It has been an eventful year for municipal land use.
Here are a few of the highlights (or lowlights, depending on your perspective):
The pipelines are coming!
2017 may very well be the year of the pipeline in Pennsylvania. With the Legislature grappling over whether to tax them and with ongoing legal battles on the Oil and Gas Act, this year saw landowners and municipalities: negotiating pipeline easement agreements; clashing over whether pipeline companies have the legal right to condemn land along the pipeline’s march toward Marcus Hook (by most accounts, the Courts have said yes); and dealing with the aftermath and additional regulatory fights as drilling/installing those pipelines has gone awry (bentonite, anyone?). Reminiscent of protesters chaining themselves to trees, we even saw reports of Catholic nuns building a chapel in the path of one pipeline to block condemnation efforts.
Medical Marijuana
In 2016, Pennsylvania joined the growing list of states that now permit some limited form or medicinal marijuana. With a rigorous (read: expensive) state permitting process complete, medical marijuana dispensaries and growing operations are moving full steam ahead. As these uses approach, however, it begs the question as to whether your township or borough zoning ordinance addresses them; whether you are legally permitted to regulate them; and what factors should be considered. Read more on this topic here.

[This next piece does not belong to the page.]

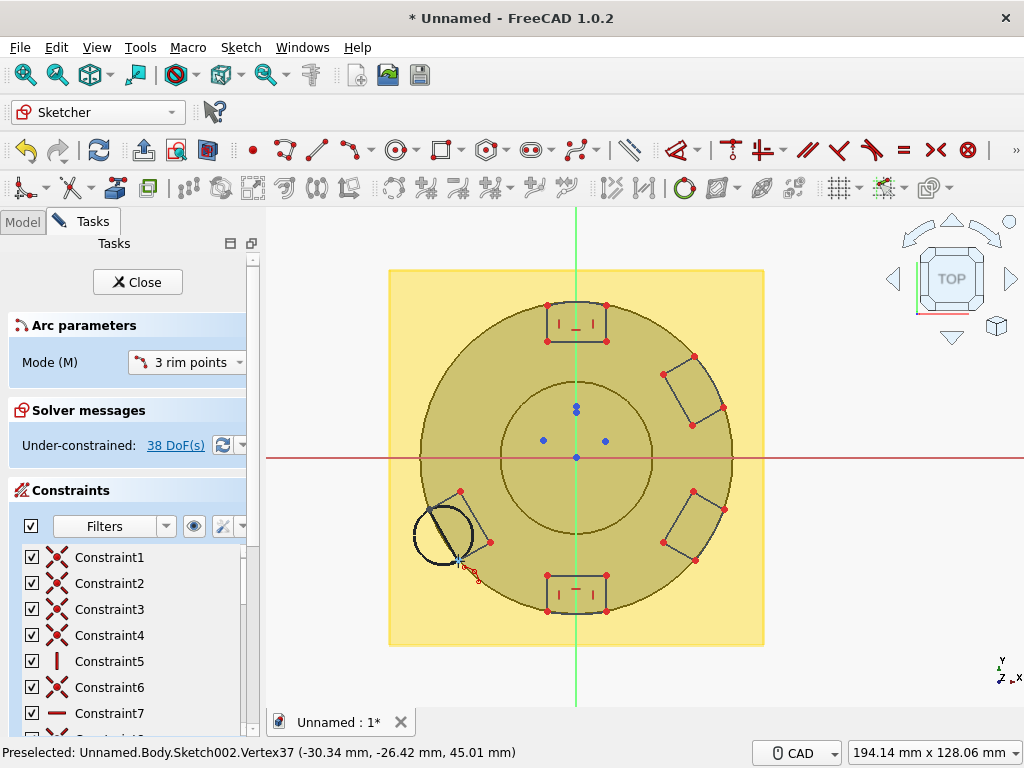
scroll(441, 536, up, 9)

MS4 and TMDLs, Floodplains Galore
September brought a regulatory double-whammy for many municipalities. MS4 Permits were due (think stormwater), which included for the first time the affirmative requirement for municipalities to include plans for reducing nitrogen and phosphorous levels by 10%. How? Your engineer will have recommendations, but the regulators would say that you might have to beg, borrow or steal (in other words: ask landowners to use their land for the additional stormwater controls; borrow money to make it happen; or condemn property to install if necessary). September also brought the deadline for many municipalities to enact updated Floodplain Ordinance regulations. The state-wide FEMA coordinator was helpful along the way, but the penalties for not adopting the ordinance were stiff. Failure to do so would result in all residents being ineligible for the federal flood insurance program.